In this first part, we will train a linear model for house price prediction using only one feature the house area. We will start by implementing a cost function and the gradient of this cost function. Then, we will implement the gradient descent algorithm that minimizes this cost function and determine the linear model parameter $\theta$ in the equation $h_\theta(x)=\theta_1 x$.  

<font color="blue">**Question 2: **</font> 
- Determine the number of samples "m" from the input data "house_price".
- Extract the house area and price columns respectively in "x_1" and "y" arrays to visualize them.  
**Hint:** The shape of "x_1" and "y" arrays should be (m,1) for the following questions and not (m,). You could use [newaxis numpy](https://docs.scipy.org/doc/numpy/reference/arrays.indexing.html#basic-slicing-and-indexing) object to add a new axis of length one.

In [None]:
%matplotlib notebook

m = #**your code here** # number of sample
n = 1                   # number of features
x_1 = # **your code here**
X = x_1
y = # **your code here**

#Visualiaze data
plt.figure("Visualize house data",figsize=(9,5))
plt.scatter(x_1, y,  color='black')
plt.xlabel('house area (m²)')
plt.ylabel('house price (1000€)')
plt.title('house area vs price')


#### Cost function
The cost function we will use for this linear model training is the **Mean Squared Error (MSE)**: $$cost\_func(x) = \frac{1}{2~m} \sum_{i=1}^{m}{(h_\theta(x_i) - y_i)^2}$$

<font color="blue">**Question 3: **</font> 
- Implement the "cost_func" function that evaluate and return the previous equation of MSE. 

In [None]:
def cost_func(theta):
    J=0
    # **your code here**
    
    return J


theta_init=np.array([[-3]],dtype=float)
cost = cost_func(theta_init)
print("Cost function for theta={0} is : {1}".format(theta_init[:,0],cost))
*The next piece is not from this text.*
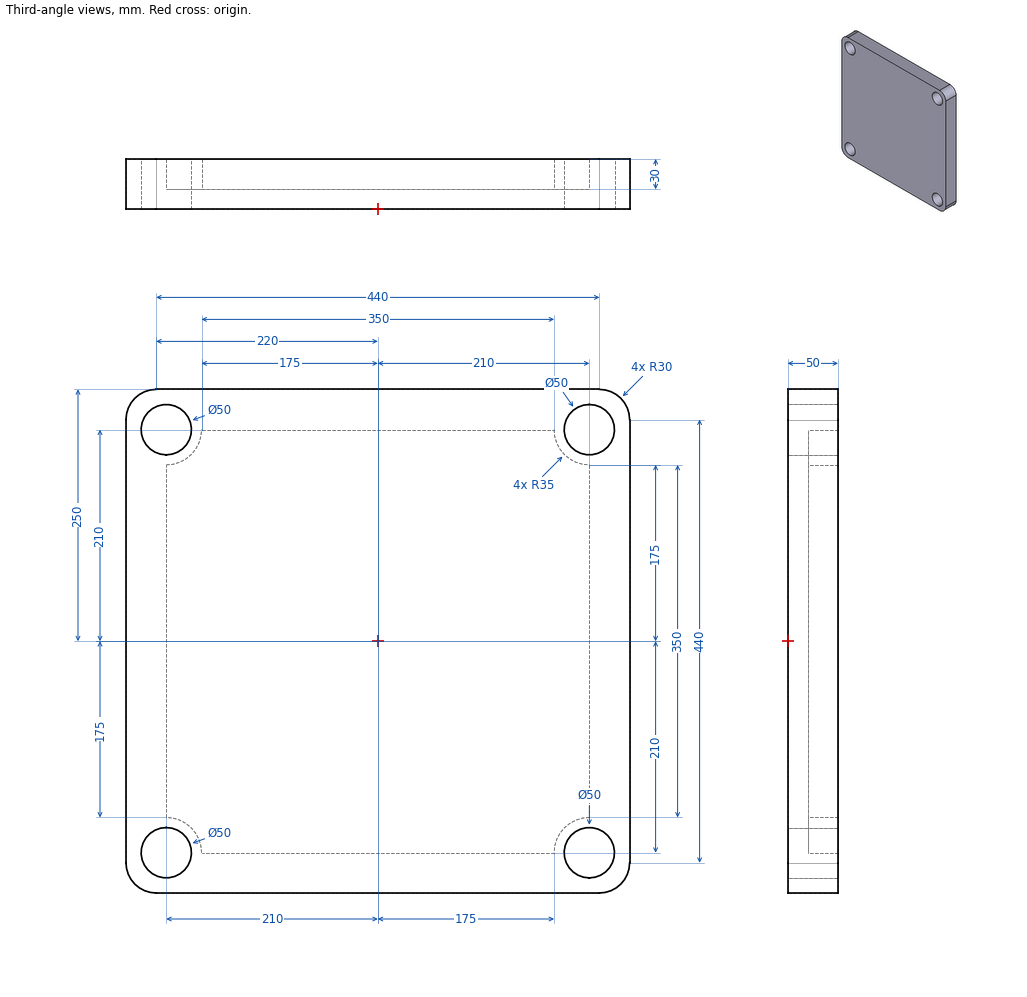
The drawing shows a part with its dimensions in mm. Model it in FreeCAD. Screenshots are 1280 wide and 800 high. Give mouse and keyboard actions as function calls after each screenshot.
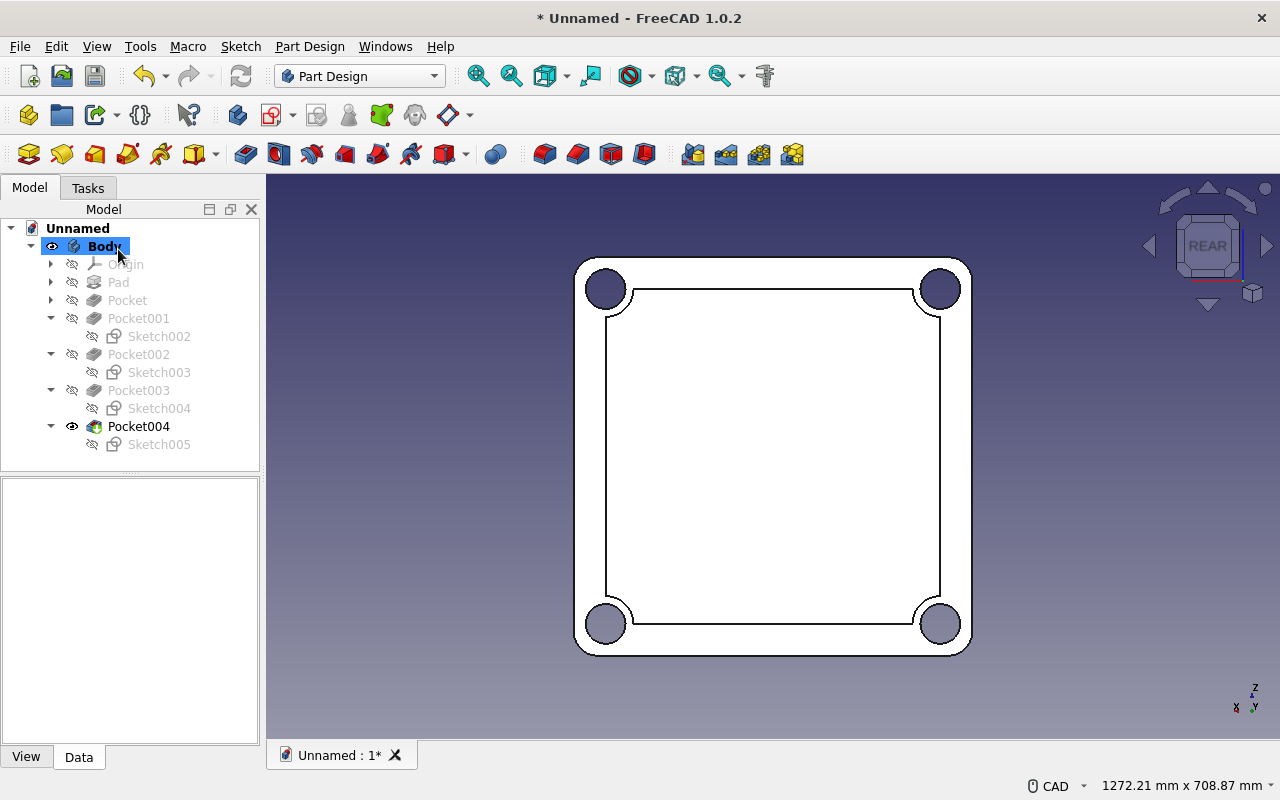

theta_1 = np.linspace(-5,12.5,100)
J=[] #empty list
for i in range(theta_1.shape[0]):
    J.append(cost_func(np.array([[theta_1[i]]])))
    
# MSE cost function plot (convex function)
plt.figure('Cost Function J(theta)',figsize=(9,5))
plt.plot(theta_1, J,  color='blue')
plt.scatter(theta_init[0,0],cost,marker='o',s=50,color="magenta")
plt.annotate("theta_init", (0.95*theta_init[0,0],1.05*cost))
plt.xlabel('Theta_1')
plt.ylabel('Cost function')


#### Gradient of cost function
The gradient of the Mean Squared Error cost function is calculated as following: $$\frac{\partial J(\theta)}{\partial \theta_j} = \frac{1}{m} \sum_{i=1}^{m}{(h_\theta(x_i) - y)~x_j} ~~for~ j=0\dots n-1$$
<font color="blue">**Question 4: **</font> 
- Implement the "grad_cost_func" function that evaluates the gradient of the cost function at the point theta considering the $j^{th}$ component as given on the previous equation.

In [None]:
from math import exp, fabs,atan
def grad_cost_func(theta,j):
    grad=np.zeros((1,1))
    # **your code here**

    return grad
    
grad=grad_cost_func(theta_init,0)
print("Gradient for theta={0} is : {1}".format(theta_init[:,0],grad[:,0]))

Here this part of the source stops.